Evaluation and Management of Hematuria
All patients with gross hematuria require urgent urologic referral due to >10% risk of malignancy, while microscopic hematuria requires a systematic evaluation with appropriate referrals based on risk factors and initial findings. 1
Initial Assessment and Risk Stratification
Confirmation of Hematuria
- Perform urinalysis with microscopic examination to confirm hematuria and assess for:
- RBC morphology (dysmorphic RBCs suggest glomerular source)
- Presence of casts (RBC casts suggest glomerulonephritis)
- Pyuria (suggests infection)
- Crystals (suggests stone disease)
- Proteinuria (suggests glomerular disease) 1
Laboratory Evaluation
- Complete urinalysis
- Complete metabolic panel (including serum creatinine and BUN)
- Urine culture (to rule out infection)
- Urine cytology (to evaluate for malignant cells) 1
Risk Factors for Genitourinary Malignancy
- Age >40 years (higher risk if >60 years)
- Smoking history
- Male gender
- Occupational exposure to chemicals or dyes
- Previous urologic disorders
- Hypertension
- Diabetes 1
Management Algorithm
For Gross Hematuria (Visible Blood)
- Immediate urologic referral is mandatory (risk of malignancy >10%) 1, 2
- Immediate imaging for patients with trauma 1
- Consider concurrent nephrology referral if:
- eGFR <60 ml/min/1.73m²
- Significant proteinuria
- Dysmorphic RBCs or red cell casts 1
For Microscopic Hematuria
Rule out benign causes:
- Urinary tract infection
- Menstruation
- Vigorous exercise
- Trauma
- Recent urologic procedures 1
If no benign cause identified:
Imaging of the urinary tract:
- CT urography (preferred for most patients - 92% sensitivity, 93% specificity)
- MR urography or ultrasound (for patients with renal insufficiency or contrast allergy)
- Renal ultrasound (for younger patients, though only 50% sensitivity) 1
Referrals:
- Urology referral if risk factors present or no benign cause identified
- Nephrology referral if signs of glomerular disease present 1
Surveillance and Follow-up
For Negative Initial Evaluation
- Repeat urinalysis, urine cytology, and blood pressure at 6,12,24, and 36 months 1
- Immediate urologic reevaluation if:
- Gross hematuria develops
- Abnormal urinary cytology appears
- Irritative voiding symptoms develop without infection 1
For Persistent Microscopic Hematuria
- Continue surveillance with repeat urinalysis within 12 months 1
- Consider additional evaluation if hematuria worsens 1
Common Pitfalls and Caveats
Inadequate referral rates: Research shows only 36% of primary care physicians refer patients with microscopic hematuria to urology, and only 69-77% refer those with gross hematuria 3. This represents a significant gap in recommended care that could delay diagnosis of serious conditions.

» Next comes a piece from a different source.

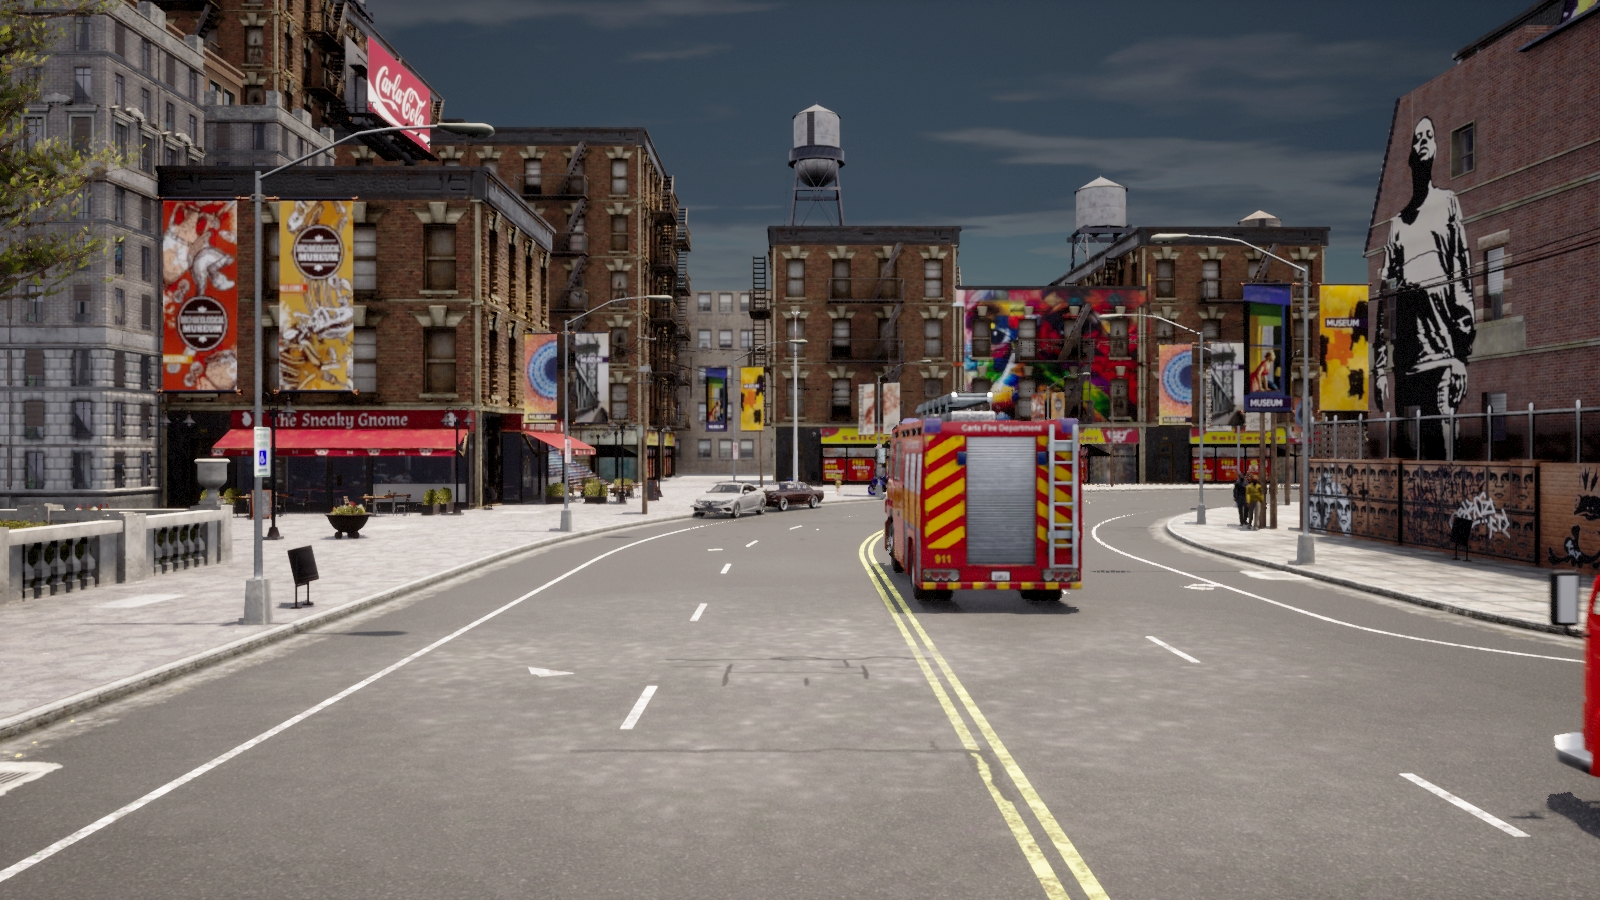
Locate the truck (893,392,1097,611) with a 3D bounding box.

Age-based considerations: Patients ≤40 years have lower risk of malignancy but should still receive appropriate evaluation. In one study, only 1 malignancy was found in younger patients compared to 31 in older patients 4.
Interstitial cystitis and hematuria: Up to 41% of interstitial cystitis patients may have hematuria, but comprehensive evaluation rarely reveals malignancy 5. Nevertheless, standard evaluation is still warranted.
Imaging selection: CT urography offers superior sensitivity (92%) compared to ultrasound (50%) for detecting urinary tract pathology, though ultrasound may be appropriate for younger, lower-risk patients 1, 4.
Intensity of hematuria matters: Patients with <5 RBCs/HPF on three consecutive urinalyses are unlikely to have significant pathology and might be candidates for conservative follow-up 4.
The primary care provider's prompt referral and facilitation of the hematuria evaluation is critical for achieving the best possible outcome and avoiding complications of genitourinary disorders 6.